Sessions were held in every aspect of the theatre: there was instruction, mostly from Carroll Aikins, in acting, voice, mime, set and prop construction, and lighting. Katherine Aikins also assisted with the vocal training and scenework. As for a regular curriculum though, it was, in Evans' words, 'a hit and miss affair'. Aikins, a man of ideals and dreams, was not concerned with organization; he taught 'whatever happened to strike him - his blue eyes would sparkle and he'd be inspired, [but] he was no planner'. Aikins brought a great variety of material, poems, play excerpts, prose readings and the like, for use in the classes. One of his own poems was spoken accompanied by music as part of the intermission entertainment in his first season. There is little doubt that he was a good, if maddeningly disorganized, teacher. Dorothy Somerset 11 (interview, 18 March 1985) took acting classes from him in Vancouver in the mid-1920s and confirms that he was 'a fine teacher of acting ... he had great imagination and was highly creative'.

In August Ellen van Volkenberg, wife of Maurice Browne and notable performing artist in her own right, presented at the Home Theatre an evening of her famous imitations, in which she mimicked Ethel Barrymore in the lead role in Barrie's Alice Sit By The Fire. She also managed to play all the other roles in this one-person show, a feat that greatly impressed the local audience.

In the next month the second student production took place, with performances of The Maker of Dreams, by Oliphant Down, and a segment of the Gilbert Murray translation of Euripides' The Trojan Women. By now the idea of the enterprise seemed to be almost as thrilling as the actual work. Even Gilbert Murray himself, according to a note in the Summerland Review (9 September 1921), had 'taken a great interest in the Home Theatre and its work'. To assist the cause, he refused to accept a royalty for this production. Again the press was generally appreciative and marvelled at the artistic simplicity of the setting and effects and the truthfulness of the acting.

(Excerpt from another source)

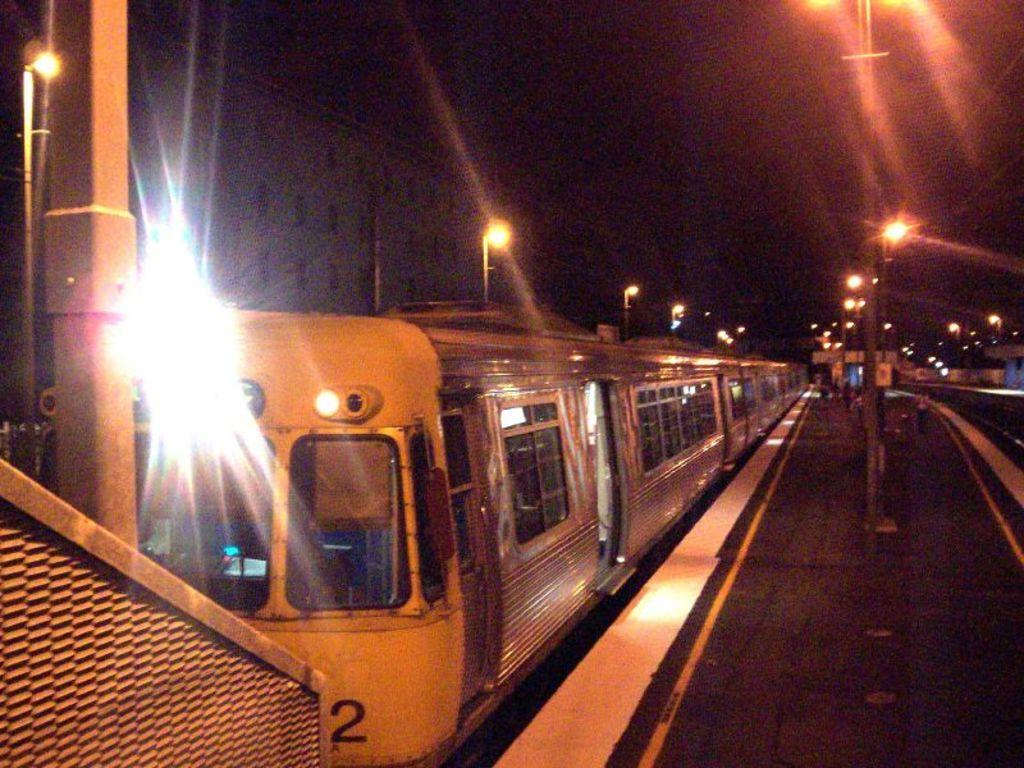<image>
Provide a brief description of the given image. A yellow train marked with the number two is boarding passengers.

The Penticton Herald (21 September 1921), however, felt that the work on the whole was not as good as that in the first production and complained that it was a major mistake to cast a girl as Pierrot in The Maker of Dreams; as for The Trojan Women, it was 'a trifle too heavy, both for the audience and the players ... it is a piece which requires the very highest art in its performance and this can hardly be expected from students.'

But by now the enterprise had caught the imagination and mood of the times, leading to international notice. Theatre Arts Magazine (January 1922) described the operation in some detail, believing that Aikins was one of the 'new type which has come into the experimental theatre,' called his work 'utopian' and concluded that his theatre was a place, indeed a 'shrine', where true Art would fluorish. Billboard (11 March 1922) in an article headed 'Gem of a Little Theatre', told its American and British readers of a 'unique enterprise' to offer free training for talented Canadian actors who would tour Canadian plays.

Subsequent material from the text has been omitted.